Ogorzałek i Opiłek (imiona przybrały dla kamuflażu przed Strażą Miejską) nie bacząc na zakazy polewają gorzałkę i opijają się nią bez miary
Smakoszka lodów
Oto Pomagajek, który pomaga dzieciom. Jeśli na produkcie znajduje się jego wizerunek, to część pieniędzy ze sprzedaży przekazywana jest na potrzeby dzieci. Jeśli chcesz pomóc, to wrocławianie zapraszają do odwiedzenia strony internetowej
Oto chwat jeżdżący na lwie.
Piwożłopek i pies Piwosz stoją przy wejściu do browaru Złoty Pies.
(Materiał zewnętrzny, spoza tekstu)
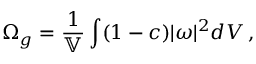<formula> <loc_0><loc_0><loc_500><loc_500>\Omega _ { g } = \frac { 1 } { \mathbb { V } } \int ( 1 - c ) | \omega | ^ { 2 } d V \, ,</formula> 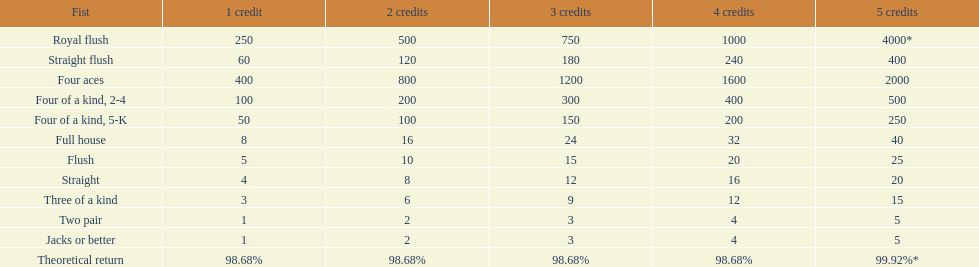How many straight wins at 3 credits equals one straight flush win at two credits? 10. 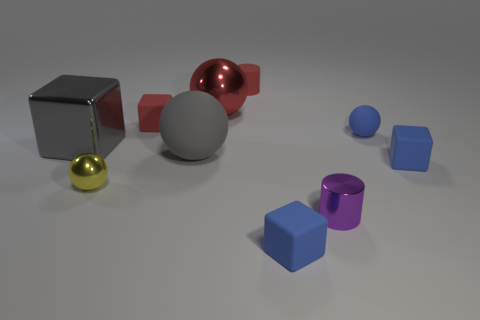Does the small matte cylinder have the same color as the large shiny ball?
Provide a succinct answer. Yes. Is there a gray metal thing of the same shape as the large red thing?
Your answer should be compact. No. There is a small block that is the same color as the tiny rubber cylinder; what is it made of?
Keep it short and to the point. Rubber. What number of shiny things are either small blue things or tiny balls?
Your answer should be compact. 1. The gray matte object is what shape?
Offer a terse response. Sphere. How many large objects are the same material as the yellow ball?
Ensure brevity in your answer.  2. There is a sphere that is the same material as the small yellow thing; what color is it?
Your response must be concise. Red. There is a gray thing that is on the right side of the red block; is its size the same as the gray metal cube?
Keep it short and to the point. Yes. There is a large rubber object that is the same shape as the big red metal object; what color is it?
Keep it short and to the point. Gray. What is the shape of the metallic thing to the right of the rubber block that is in front of the yellow metallic object in front of the large matte ball?
Provide a short and direct response. Cylinder.

Niestety wszystko co dobre szybko się kończy. O dwunastej zdałyśmy mieszkanie właścicielowi i poszłyśmy na wegański obiad. Był bardzo dobry. Mam wrażenie, że nie tylko mnie smakował. Wybrałam pieczeń seitan na ostro. To odpowiednio przyrządzony gluten pszenny, który tak jak tofu chłonie smak przypraw i dodatków, którymi go wzbogacono. Zdjęcie znalezione w internecie.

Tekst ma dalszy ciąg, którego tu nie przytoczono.